IFRS 1 defines previous GAAP as the basis of accounting that a first-time adopter used immediately before adopting IFRS.

Ind. AS 101 defines previous GAAP as the basis of accounting that a first-time adopter used immediately before adopting Ind. ASs for its reporting requirements in India. For instance, for companies preparing their financial statements in accordance with the existing Accounting Standards notified under the Companies (Accounting Standards) Rules, 2006 shall consider those financial statements as previous GAAP financial statements.

(vii) Cost of Property, Plant and Equipment (PPE), Intangible Assets, Investment Property, on the date of transition of First-time Adoption of Indian Accounting Standards.

Ind. AS 101 provides an entity an option to use carrying values of all assets as on the date of transition in accordance with previous GAAP as an acceptable starting point under Ind. AS.

8. Ind. AS 18-Revenue

On the basis of principles of the IAS 18, IFRIC 15 on Agreement for Construction of Real Estate, prescribes that construction of real estate should be treated as sale of goods and revenue should be recognised when the entity has transferred significant risks and rewards of ownership and has retained neither continuing managerial involvement nor effective control.

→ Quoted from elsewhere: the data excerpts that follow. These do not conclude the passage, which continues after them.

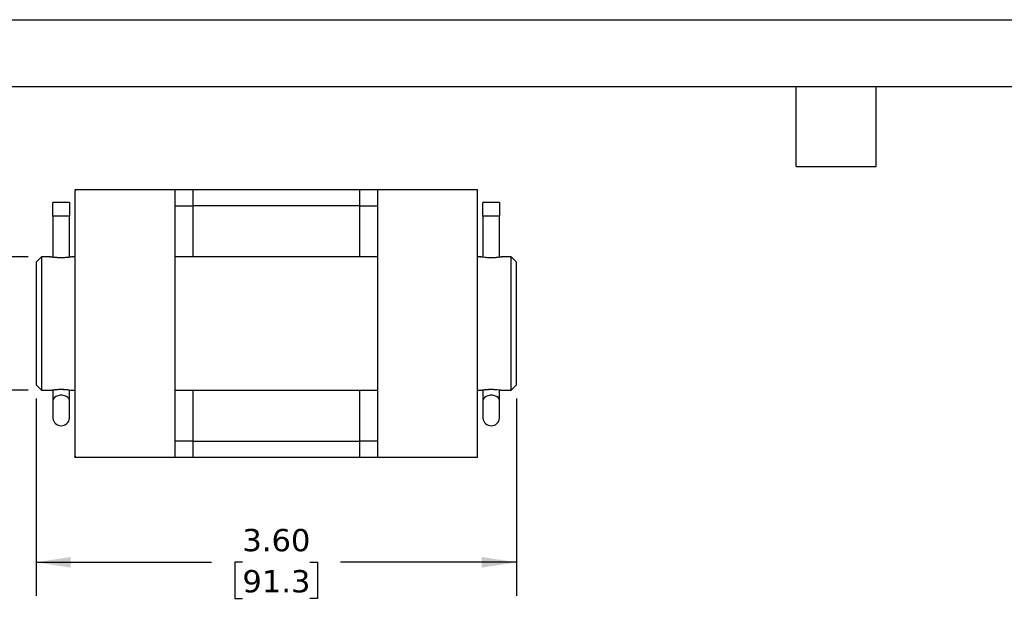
# Model space of a CAD drawing. Header units: inches. Extents: x 0 to 22, y 0 to 17.
# Tile 4 of 5: x 4.9 to 12.3, y 12.7 to 17. Entities that reach past the tile are written whole.
import ezdxf

# ---------------------------------------------------------------- set-up
doc = ezdxf.new("R2010")
doc.units = ezdxf.units.IN
doc.header["$LTSCALE"] = 2
doc.header["$MEASUREMENT"] = 0
doc.linetypes.add('SLD-Solid', pattern=[0])
doc.layers.add('DIMENSIONS', color=140, linetype='SLD-Solid', lineweight=25)
doc.layers.add('TEXT', color=140, linetype='SLD-Solid', lineweight=25)
doc.styles.add('SLDTEXTSTYLE0', font='VERDANA.TTF')
doc.dimstyles.new('SLDDIMSTYLE3', dxfattribs={"dimtxt": 0.169922, "dimasz": 0.26, "dimexe": 0, "dimexo": 0.0625, "dimgap": 0.04248, "dimtad": 0, "dimtih": 1, "dimtoh": 1, "dimrnd": 1e-09, "dimzin": 4, "dimdsep": 46, "dimtxsty": 'SLDTEXTSTYLE0', "dimsah": 1, "dimcen": 0.09, "dimadec": 0, "dimazin": 1, "dimtfac": 1, "dimtofl": 0, "dimtmove": 0, "dimatfit": 3, "dimfxl": 0, "dimfrac": 2, "dimtolj": 1, "dimtzin": 12, "dimarcsym": 0})

# ---------------------------------------------------------------- blocks, each defined once
blk = doc.blocks.new('_D_6')
at = {"layer": 'DIMENSIONS'}
for p, q in [((4.951, 15.225), (4.1158, 15.225)), ((4.3658, 15.225), (4.3658, 14.225)), ((4.951, 14.225), (4.1158, 14.225)), ((4.3658, 13.497), (4.3658, 14.225)), ((3.1185, 13.497), (3.0614, 13.497)), ((3.0614, 13.497), (3.0614, 13.2269)), ((3.6234, 13.497), (3.6805, 13.497)), ((3.6805, 13.497), (3.6805, 13.2269)), ((3.8658, 13.497), (4.3658, 13.497)), ((3.0614, 13.2269), (3.1185, 13.2269)), ((3.6805, 13.2269), (3.6234, 13.2269))]:
    blk.add_line(p, q, dxfattribs=at)
for points in [[(4.3658, 15.225), (4.3258, 14.965), (4.4058, 14.965)], [(4.3658, 14.225), (4.4058, 14.485), (4.3258, 14.485)]]:
    blk.add_solid(points, dxfattribs=at)
at = {"layer": 'DIMENSIONS', "char_height": 0.16667, "attachment_point": 1, "style": 'SLDTEXTSTYLE0'}
for s, insert in [('%%c', (2.9902, 13.7467)), ('1.00', (3.2467, 13.7467)), ('25.4', (3.1185, 13.4386))]:
    blk.add_mtext(s, dxfattribs=dict(at, insert=insert))
blk = doc.blocks.new('_D_7')
at = {"layer": 'DIMENSIONS'}
for p, q in [((5.011, 14.165), (5.011, 12.6873)), ((8.606, 14.165), (8.606, 12.6873)), ((5.011, 12.9373), (6.3249, 12.9373)), ((6.5552, 12.9373), (6.4981, 12.9373)), ((6.4981, 12.9373), (6.4981, 12.6672)), ((7.0601, 12.9373), (7.1172, 12.9373)), ((7.1172, 12.9373), (7.1172, 12.6672)), ((8.606, 12.9373), (7.2904, 12.9373)), ((6.4981, 12.6672), (6.5552, 12.6672)), ((7.1172, 12.6672), (7.0601, 12.6672))]:
    blk.add_line(p, q, dxfattribs=at)
for points in [[(5.011, 12.9373), (5.271, 12.8973), (5.271, 12.9773)], [(8.606, 12.9373), (8.346, 12.9773), (8.346, 12.8973)]]:
    blk.add_solid(points, dxfattribs=at)
at = {"layer": 'DIMENSIONS', "char_height": 0.16667, "attachment_point": 1, "style": 'SLDTEXTSTYLE0'}
for s, insert in [('3.60', (6.5552, 13.187)), ('91.3', (6.5552, 12.8789))]:
    blk.add_mtext(s, dxfattribs=dict(at, insert=insert))

msp = doc.modelspace()

# ---------------------------------------------------------------- linework, layer by layer
at = {"color": 7, "linetype": 'SLD-Solid'}
msp.add_line((0.0002, 17.0002), (22.0002, 17.0002), dxfattribs=at)
for p, q in [((5.5342, 15.725), (5.3009, 15.725)), ((5.3026, 15.725), (5.3009, 15.725)), ((5.8326, 15.725), (5.5343, 15.725)), ((6.051, 15.725), (5.8327, 15.725)), ((6.051, 13.725), (6.051, 15.725)), ((6.1835, 15.725), (6.1835, 15.6055)), ((7.4335, 15.725), (6.1835, 15.725)), ((7.4335, 15.6055), (7.4335, 15.725)), ((7.7842, 15.725), (7.566, 15.725)), ((7.566, 15.725), (7.566, 13.725)), ((8.0826, 15.725), (7.7843, 15.725)), ((8.316, 15.725), (8.0827, 15.725)), ((5.2612, 15.6304), (5.1367, 15.6304)), ((5.1367, 15.528), (5.1367, 15.6304)), ((5.2612, 15.6304), (5.2612, 15.528)), ((5.301, 15.6855), (5.301, 13.7645)), ((8.316, 13.7645), (8.316, 15.6855)), ((8.4802, 15.6304), (8.3557, 15.6304)), ((8.3557, 15.528), (8.3557, 15.6304)), ((8.4802, 15.6304), (8.4802, 15.528)), ((6.051, 15.6055), (6.1835, 15.6055)), ((7.4335, 15.6055), (6.1835, 15.6055)), ((6.1835, 15.6055), (6.1835, 15.225)), ((7.4335, 15.6055), (7.566, 15.6055)), ((7.4335, 15.225), (7.4335, 15.6055)), ((5.1367, 15.528), (5.1367, 15.2215)), ((5.2612, 15.528), (5.1367, 15.528)), ((5.2612, 15.2215), (5.2612, 15.528)), ((8.3557, 15.528), (8.3557, 15.2216)), ((8.4802, 15.528), (8.3557, 15.528)), ((8.4802, 15.2216), (8.4802, 15.528)), ((5.051, 15.225), (5.011, 15.185)), ((5.011, 15.185), (5.011, 14.725)), ((5.1139, 15.225), (5.051, 15.225)), ((5.051, 15.225), (5.051, 14.225)), ((5.1254, 15.2232), (5.1242, 15.2234)), ((5.2737, 15.2234), (5.2725, 15.2232)), ((5.28, 15.2243), (5.2771, 15.2238)), ((5.2785, 15.2241), (5.2801, 15.2245)), ((5.301, 15.225), (5.2839, 15.225)), ((7.566, 15.225), (6.051, 15.225)), ((8.3345, 15.225), (8.316, 15.225)), ((8.3339, 15.2248), (8.3367, 15.2244)), ((8.3353, 15.2246), (8.3345, 15.2247)), ((8.566, 15.225), (8.5014, 15.225)), ((8.5014, 15.2247), (8.502, 15.2248)), ((8.606, 15.185), (8.566, 15.225)), ((8.566, 14.225), (8.566, 15.225)), ((8.606, 14.265), (8.606, 15.185)), ((5.011, 14.725), (5.011, 14.265)), ((5.011, 14.265), (5.051, 14.225)), ((5.051, 14.225), (5.114, 14.225)), ((5.1367, 14.2284), (5.1367, 14.1488)), ((5.2612, 14.1488), (5.2612, 14.228)), ((5.2839, 14.225), (5.301, 14.225)), ((6.051, 14.225), (7.566, 14.225)), ((6.1835, 14.225), (6.1835, 13.8446)), ((7.4335, 13.8446), (7.4335, 14.225)), ((8.316, 14.225), (8.3345, 14.225)), ((8.3557, 14.2263), (8.3557, 14.1488)), ((8.4802, 14.1488), (8.4802, 14.2279)), ((8.5014, 14.225), (8.566, 14.225)), ((8.566, 14.225), (8.606, 14.265)), ((5.1367, 14.1488), (5.1367, 14.0169)), ((5.2612, 14.0169), (5.2612, 14.1488)), ((8.3557, 14.1488), (8.3557, 14.0169)), ((8.4802, 14.0169), (8.4802, 14.1488)), ((6.1835, 13.8446), (6.051, 13.8446)), ((6.1835, 13.8446), (6.1835, 13.725)), ((6.1835, 13.8446), (7.4335, 13.8446)), ((7.4335, 13.725), (7.4335, 13.8446)), ((7.566, 13.8446), (7.4335, 13.8446)), ((5.3009, 13.725), (5.5342, 13.725)), ((5.5343, 13.725), (5.8326, 13.725)), ((5.8327, 13.725), (6.051, 13.725)), ((6.1835, 13.725), (7.4335, 13.725)), ((7.566, 13.725), (7.7842, 13.725)), ((7.7843, 13.725), (8.0826, 13.725)), ((8.0827, 13.725), (8.316, 13.725)), ((8.3143, 13.725), (8.316, 13.725))]:
    msp.add_line(p, q)
at = {"flags": 128}
for points in [[(5.114, 15.225), (5.1169, 15.2247), (5.1178, 15.2245)], [(5.2801, 15.2245), (5.281, 15.2247), (5.2839, 15.225)], [(8.3353, 15.2246), (8.3382, 15.2243), (8.3391, 15.2241)], [(8.496, 15.2239), (8.4977, 15.2243), (8.5006, 15.2246)], [(5.1991, 14.2326), (5.1991, 14.2325), (5.1991, 14.2328)], [(8.3986, 14.2322), (8.3984, 14.2321), (8.3976, 14.2323)], [(5.2612, 14.1488), (5.2576, 14.1602), (5.2497, 14.1705), (5.2381, 14.179), (5.2237, 14.185), (5.2074, 14.1881), (5.1905, 14.1881), (5.1742, 14.185), (5.1598, 14.179), (5.1482, 14.1705), (5.1403, 14.1602), (5.1367, 14.1488)], [(8.4802, 14.1488), (8.4766, 14.1602), (8.4687, 14.1705), (8.4571, 14.179), (8.4427, 14.185), (8.4264, 14.1881), (8.4095, 14.1881), (8.3932, 14.185), (8.3788, 14.179), (8.3672, 14.1705), (8.3593, 14.1602), (8.3557, 14.1488)]]:
    msp.add_lwpolyline(points, dxfattribs=at)
for centre in [(5.199, 14.0219), (8.418, 14.0219)]:
    msp.add_arc(centre, 0.0625, 184.58857, 355.41143)
for points, knots in [([(5.3026, 15.725), (5.3026, 15.725), (5.3026, 15.7249), (5.3025, 15.7243), (5.3025, 15.7233), (5.3024, 15.7218), (5.3024, 15.72), (5.3023, 15.7178), (5.3022, 15.7152), (5.302, 15.7121), (5.3019, 15.7087), (5.3017, 15.7049), (5.3016, 15.7006), (5.3014, 15.696), (5.3012, 15.691), (5.301, 15.6874), (5.301, 15.6855)], [0, 0, 0, 0, 0.071427, 0.1428541, 0.2142813, 0.2857086, 0.3571361, 0.4285639, 0.4999919, 0.5714203, 0.642849, 0.7142781, 0.7857078, 0.8571379, 0.9285687, 1, 1, 1, 1]), ([(6.1835, 15.725), (6.1692, 15.725), (6.1402, 15.725), (6.0969, 15.725), (6.0676, 15.725), (6.0534, 15.725), (6.0529, 15.725)], [0, 0, 0, 0, 0.319831, 0.649581, 0.988695, 1, 1, 1, 1]), ([(7.564, 15.725), (7.5635, 15.725), (7.5493, 15.725), (7.52, 15.725), (7.4767, 15.725), (7.4477, 15.725), (7.4335, 15.725)], [0, 0, 0, 0, 0.011305, 0.350281, 0.6801, 1, 1, 1, 1]), ([(8.316, 15.6855), (8.3159, 15.6874), (8.3157, 15.691), (8.3155, 15.696), (8.3153, 15.7006), (8.3152, 15.7049), (8.315, 15.7087), (8.3149, 15.7121), (8.3147, 15.7152), (8.3146, 15.7178), (8.3145, 15.72), (8.3145, 15.7218), (8.3144, 15.7233), (8.3144, 15.7243), (8.3143, 15.7249), (8.3143, 15.725), (8.3143, 15.725)], [0, 0, 0, 0, 0.0714313, 0.1428621, 0.2142922, 0.2857219, 0.357151, 0.4285797, 0.5000081, 0.5714361, 0.6428639, 0.7142914, 0.7857187, 0.8571459, 0.928573, 1, 1, 1, 1]), ([(5.2759, 15.2237), (5.2711, 15.2229), (5.2611, 15.2213), (5.2379, 15.2187), (5.2164, 15.2175), (5.1995, 15.2172), (5.1825, 15.2175), (5.1608, 15.2186), (5.1373, 15.2212), (5.1179, 15.2243), (5.1153, 15.2248), (5.114, 15.225)], [0, 0, 0, 0, 0.12932, 0.274061, 0.346941, 0.419474, 0.492083, 0.565025, 0.71004, 0.854996, 1, 1, 1, 1]), ([(5.2839, 15.225), (5.2837, 15.2249), (5.2834, 15.2248), (5.2765, 15.2238), (5.2759, 15.2237)], [0, 0, 0, 0, 0.9029328, 1, 1, 1, 1]), ([(8.4993, 15.2244), (8.497, 15.224), (8.4917, 15.223), (8.4735, 15.2204), (8.4544, 15.2186), (8.4384, 15.2176), (8.4216, 15.2172), (8.4045, 15.2174), (8.3881, 15.2181), (8.368, 15.2198), (8.3466, 15.2226), (8.3391, 15.2239), (8.3353, 15.2246)], [0, 0, 0, 0, 0.1121723, 0.2599492, 0.3340685, 0.4081046, 0.4822576, 0.5560411, 0.6303591, 0.7043573, 0.852093, 1, 1, 1, 1]), ([(5.114, 14.225), (5.114, 14.225), (5.1119, 14.2247), (5.1193, 14.226), (5.1366, 14.2288), (5.1605, 14.2314), (5.1821, 14.2326), (5.1934, 14.2327), (5.1991, 14.2328)], [0, 0, 0, 0, 0.001149, 0.250572, 0.499958, 0.749244, 0.874871, 1, 1, 1, 1]), ([(5.114, 14.225), (5.1149, 14.2251), (5.1165, 14.2251), (5.118, 14.2256), (5.1187, 14.2258)], [0, 0, 0, 0, 0.570717, 1, 1, 1, 1]), ([(5.1309, 14.2277), (5.134, 14.2282), (5.138, 14.2289), (5.1458, 14.2296), (5.1477, 14.2297)], [0, 0, 0, 0, 0.7667119, 1, 1, 1, 1]), ([(5.1991, 14.2328), (5.2047, 14.2327), (5.216, 14.2326), (5.2376, 14.2313), (5.2611, 14.2288), (5.2802, 14.2257), (5.2827, 14.2252), (5.2839, 14.225)], [0, 0, 0, 0, 0.125343, 0.251207, 0.500949, 0.750694, 1, 1, 1, 1]), ([(5.1991, 14.2326), (5.2043, 14.2326), (5.2149, 14.2325), (5.2332, 14.2315), (5.2438, 14.2304), (5.2503, 14.2297)], [0, 0, 0, 0, 0.279334, 0.55891, 1, 1, 1, 1]), ([(8.3345, 14.2253), (8.3341, 14.2252), (8.3327, 14.225), (8.3437, 14.227), (8.3622, 14.2295), (8.3814, 14.2314), (8.3922, 14.232), (8.3976, 14.2323)], [0, 0, 0, 0, 0.116321, 0.410356, 0.704399, 0.852789, 1, 1, 1, 1]), ([(8.3343, 14.2252), (8.3349, 14.2252), (8.3366, 14.2253), (8.3393, 14.2261), (8.341, 14.2265)], [0, 0, 0, 0, 0.381533, 1, 1, 1, 1]), ([(8.3385, 14.2259), (8.3402, 14.2262), (8.3431, 14.2267), (8.3517, 14.2279), (8.3554, 14.2284)], [0, 0, 0, 0, 0.567312, 1, 1, 1, 1]), ([(8.3554, 14.2284), (8.3564, 14.2285), (8.3616, 14.2293), (8.3762, 14.2309), (8.3911, 14.2318), (8.3986, 14.2322)], [0, 0, 0, 0, 0.105722, 0.554008, 1, 1, 1, 1]), ([(8.3976, 14.2323), (8.4032, 14.2325), (8.4144, 14.2329), (8.4315, 14.2327), (8.4479, 14.2319), (8.4681, 14.2302), (8.4884, 14.2276), (8.5019, 14.2252), (8.5016, 14.2253), (8.5014, 14.2253)], [0, 0, 0, 0, 0.109441, 0.218774, 0.327106, 0.436241, 0.652619, 0.869068, 1, 1, 1, 1]), ([(8.3986, 14.2322), (8.4051, 14.2324), (8.4181, 14.2328), (8.4356, 14.2324), (8.4451, 14.2318), (8.4486, 14.2316)], [0, 0, 0, 0, 0.386083, 0.771352, 1, 1, 1, 1]), ([(8.4779, 14.2288), (8.4788, 14.2286), (8.483, 14.2281), (8.4929, 14.2267), (8.4958, 14.2262), (8.4974, 14.2259)], [0, 0, 0, 0, 0.100142, 0.490017, 1, 1, 1, 1]), ([(5.301, 13.7645), (5.301, 13.7627), (5.3012, 13.759), (5.3014, 13.754), (5.3016, 13.7494), (5.3017, 13.7452), (5.3019, 13.7413), (5.302, 13.7379), (5.3022, 13.7349), (5.3023, 13.7322), (5.3024, 13.73), (5.3024, 13.7282), (5.3025, 13.7268), (5.3025, 13.7258), (5.3026, 13.7251), (5.3026, 13.7251), (5.3026, 13.725)], [0, 0, 0, 0, 0.071431, 0.142862, 0.214292, 0.285722, 0.357151, 0.42858, 0.500008, 0.571436, 0.642864, 0.714291, 0.785719, 0.857146, 0.928573, 1, 1, 1, 1]), ([(6.0529, 13.725), (6.0534, 13.725), (6.0676, 13.725), (6.0969, 13.725), (6.1402, 13.725), (6.1692, 13.725), (6.1835, 13.725)], [0, 0, 0, 0, 0.011305, 0.350281, 0.6801, 1, 1, 1, 1]), ([(7.4335, 13.725), (7.4477, 13.725), (7.4767, 13.725), (7.52, 13.725), (7.5493, 13.725), (7.5635, 13.725), (7.564, 13.725)], [0, 0, 0, 0, 0.319831, 0.649581, 0.988695, 1, 1, 1, 1]), ([(8.3143, 13.725), (8.3143, 13.7251), (8.3143, 13.7251), (8.3144, 13.7258), (8.3144, 13.7268), (8.3145, 13.7282), (8.3145, 13.73), (8.3146, 13.7322), (8.3147, 13.7349), (8.3149, 13.7379), (8.315, 13.7413), (8.3152, 13.7452), (8.3153, 13.7494), (8.3155, 13.754), (8.3157, 13.759), (8.3159, 13.7627), (8.316, 13.7645)], [0, 0, 0, 0, 0.071427, 0.142854, 0.214281, 0.285709, 0.357136, 0.428564, 0.499992, 0.57142, 0.642849, 0.714278, 0.785708, 0.857138, 0.928569, 1, 1, 1, 1])]:
    msp.add_open_spline(points, degree=3, knots=knots)
for points in [[(8.316, 15.6855), (8.316, 15.7173), (8.316, 15.7301), (8.316, 15.7231)], [(5.301, 13.7645), (5.301, 13.7327), (5.301, 13.7199), (5.301, 13.7269)]]:
    msp.add_open_spline(points, degree=3)
at = {"layer": 'TEXT'}
for p, q in [((0.5, 16.5), (21.5, 16.5)), ((10.7, 15.9), (10.7, 16.5)), ((11.3, 15.9), (11.3, 16.5)), ((10.7, 15.9), (11.3, 15.9))]:
    msp.add_line(p, q, dxfattribs=at)

# ---------------------------------------------------------------- dimensions: what is measured, and where the dimension line sits
at = {"layer": 'DIMENSIONS'}
dim = msp.add_linear_dim(base=(4.3658, 14.225), p1=(5.051, 15.225), p2=(5.051, 14.225), angle=90, text='%%c<>', dimstyle='SLDDIMSTYLE3', dxfattribs=at)
dim.commit()
dim.dimension.update_dxf_attribs({"geometry": '_D_6', "text_midpoint": (4.3658, 13.497), "dimtype": 160})
dim = msp.add_linear_dim(base=(5.0109500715, 12.9372785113), p1=(8.6059500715, 14.2650161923), p2=(5.0109500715, 14.2650161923), dimstyle='SLDDIMSTYLE3', dxfattribs=at)
dim.commit()
dim.dimension.update_dxf_attribs({"geometry": '_D_7', "text_midpoint": (6.8076551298, 12.9372785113), "dimtype": 160})

doc.saveas('drawing.dxf')

IFRIC 15 has not been included in Ind. AS 18, Revenue. Such agreements have been scoped out from Ind. AS 18 and have been included in Ind. AS 11, Construction Contracts.

A footnote has been added in paragraph 1 to Ind. AS 18, Revenue, that for rate regulated entities, this standard shall stand modified, where and to the extent the recognition and measurement of revenue of such entities is affected by recognition and measurement of regulatory assets/liabilities as per the Guidance Note on the subject being issued by the Institute of Chartered Accountants of India.

10. Indian Accounting Standard on Agriculture (Corresponding to IAS 41)

IAS 41, Agriculture, requires measurement of biological assets, viz. , living animals and plants at fair value and recognizing gains and losses arising on such measurement in profit or loss, unless ascertainment of fair value is unreliable.

It has been decided to revise the Standard and not to issue the standard as it is.

11. Ind. As – 19 Employee Benefits vis-a-vis IFRSs/IASs restricting options.

According to Ind. AS 19 the rate to be used to discount post-employment benefit obligation shall be determined by reference to the market yields on Government bonds, whereas under IAS 19, the Government bonds can be used only where there is no deep market of high quality corporate bonds. To illustrate treatment of gratuity subject to ceiling under Indian Gratuity Rules, an example has been added in Ind. AS 19 IAS 19 permits various options for treatment of actuarial gains and losses for post-employment defined benefit plans whereas Ind. AS 19 requires recognition of the same in other comprehensive income, both for post-employment defined benefit plans and other long-term employment benefit plans. The actuarial gains recognised in other comprehensive income should be recognised immediately in retained earnings and should not be reclassified to profit or loss in a subsequent period.